Улах интуитивно почувствовал, к чему приведут такие выводы, и поспешил заверить:
— Раз велишь, чорбаджия[18]
, постараюсь забыть… А что, если не смогу?— Если не сможешь, все равно придется, — уверенно сказал Лесовик. — Не вздумай заиграть… И не смей называть меня чорбаджией. Это тебе не прежние времена. Никакой я не чорбаджия, слышишь?
— Слышу, — сказал Улах. — Не буду играть «Шумит Марица» и называть тебя чорбаджией. Сейчас что мне делать — играть или чистить кукурузу?
— Чисти, — сказал Лесовик и махнул рукой. — Когда нужно будет, я подам знак и ты сыграешь «Интернационал».
— Хорошо, — сказал Улах, — только дай знак, и я тут же начну.
Когда Лесовик отошел, Улах переглянулся с Улахиней и одиннадцатью улахинятами. Чтоб не оказать неуважения подрастающему поколению, он бросил ласковый взгляд и на живот своей жены, где уже формировался двенадцатый улахиненок.
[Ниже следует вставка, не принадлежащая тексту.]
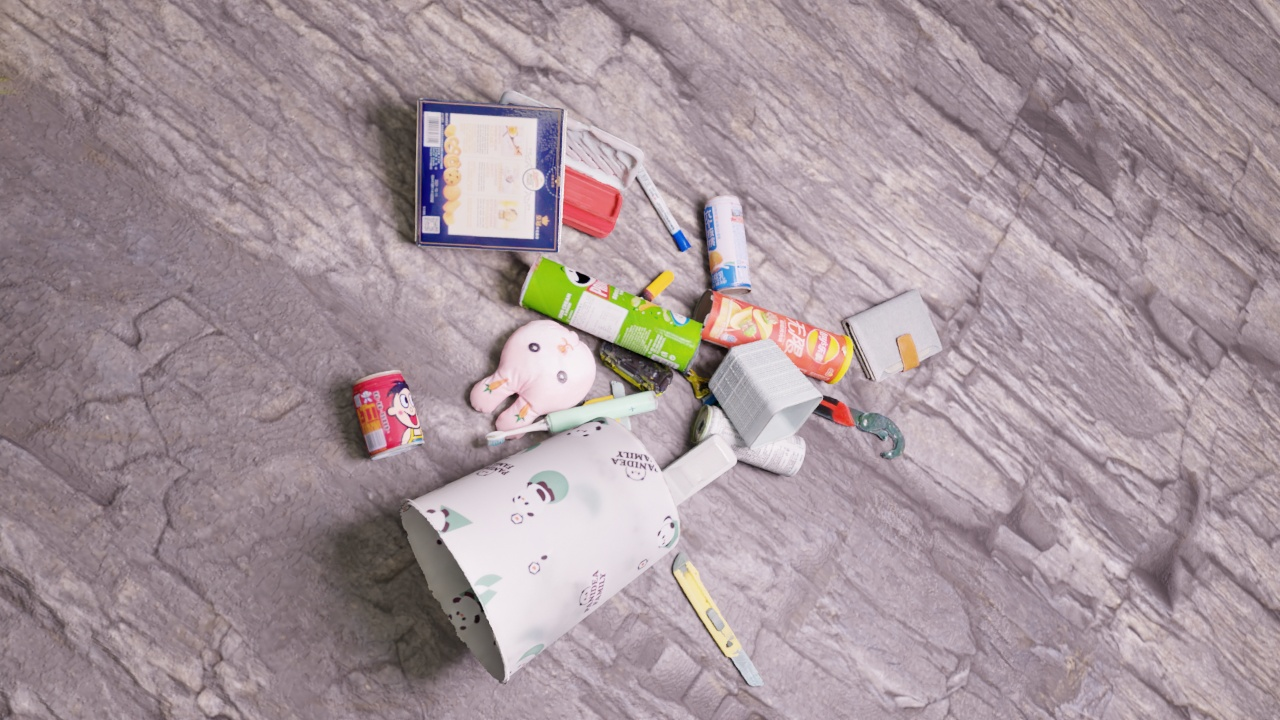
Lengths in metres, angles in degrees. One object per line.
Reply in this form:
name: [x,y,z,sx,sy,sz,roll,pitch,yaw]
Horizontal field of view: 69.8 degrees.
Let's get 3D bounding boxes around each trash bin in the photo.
trash bin: [-0.108,0.199,1.051,0.251,0.230,0.229,-29,88,-26]

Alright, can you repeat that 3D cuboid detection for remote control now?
remote control: [0.064,0.146,1.183,0.125,0.024,0.049,-37,90,11]

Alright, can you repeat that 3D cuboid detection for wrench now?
wrench: [0.257,0.069,1.290,0.273,0.016,0.056,24,73,-12]

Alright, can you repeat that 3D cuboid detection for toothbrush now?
toothbrush: [-0.084,0.073,1.148,0.224,0.027,0.026,-12,43,-17]

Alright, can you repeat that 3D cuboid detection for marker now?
marker: [0.000,-0.078,1.242,0.018,0.015,0.123,46,73,-2]
marker: [0.027,-0.216,1.276,0.016,0.017,0.146,-31,89,-20]

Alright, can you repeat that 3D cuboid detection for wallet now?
wallet: [0.371,-0.035,1.335,0.129,0.037,0.106,-23,86,-20]

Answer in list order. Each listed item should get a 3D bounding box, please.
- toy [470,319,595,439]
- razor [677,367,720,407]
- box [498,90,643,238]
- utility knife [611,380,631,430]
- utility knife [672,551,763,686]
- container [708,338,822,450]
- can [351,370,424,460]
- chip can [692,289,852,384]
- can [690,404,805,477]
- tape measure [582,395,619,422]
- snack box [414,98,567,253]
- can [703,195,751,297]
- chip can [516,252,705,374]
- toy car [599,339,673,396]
toy: [-0.134,0.024,1.161,0.121,0.054,0.159,45,78,-4]
razor: [0.056,0.012,1.237,0.142,0.022,0.043,41,106,-5]
box: [-0.107,-0.256,1.197,0.201,0.100,0.110,22,63,-11]
utility knife: [-0.013,0.139,1.187,0.018,0.034,0.234,9,69,-60]
utility knife: [0.099,0.339,1.190,0.031,0.021,0.201,-33,94,-14]
container: [0.156,0.040,1.185,0.089,0.090,0.111,-14,57,-37]
can: [-0.302,0.064,1.091,0.066,0.067,0.093,-16,84,-20]
chip can: [0.179,-0.031,1.257,0.216,0.073,0.073,17,74,-12]
can: [0.144,0.107,1.225,0.146,0.058,0.058,20,74,-12]
tape measure: [-0.055,0.079,1.184,0.057,0.029,0.060,-11,75,-18]
snack box: [-0.187,-0.230,1.150,0.182,0.046,0.178,3,100,-7]
can: [0.120,-0.157,1.273,0.053,0.053,0.134,-3,80,-18]
chip can: [-0.036,-0.059,1.178,0.236,0.072,0.072,23,73,-3]
toy car: [-0.007,0.007,1.213,0.105,0.032,0.048,35,64,4]

Улахиня так широко улыбнулась фиолетовыми губами, что можно было пересчитать все зубы, одетые в сверкающий белый металл. Ее уста сверкали, а Улах испытывал неземную гордость. Крестьяне чистили кукурузу, время от времени слышно было, как падает в кучу очищенный початок.
«Не стану я играть «Шумит Марица», — сказали его глаза, и все семейство кивнуло в знак согласия. — Что скажут, то и заиграю. Мой кранлет все может сыграть».
«Может», — подтвердили глаза остальных.
Так закончился этот немой разговор. Семейство Улаха погрузилось в движение рук, в шуршание желтых сухих листьев, в блеск пахнувших свежестью початков.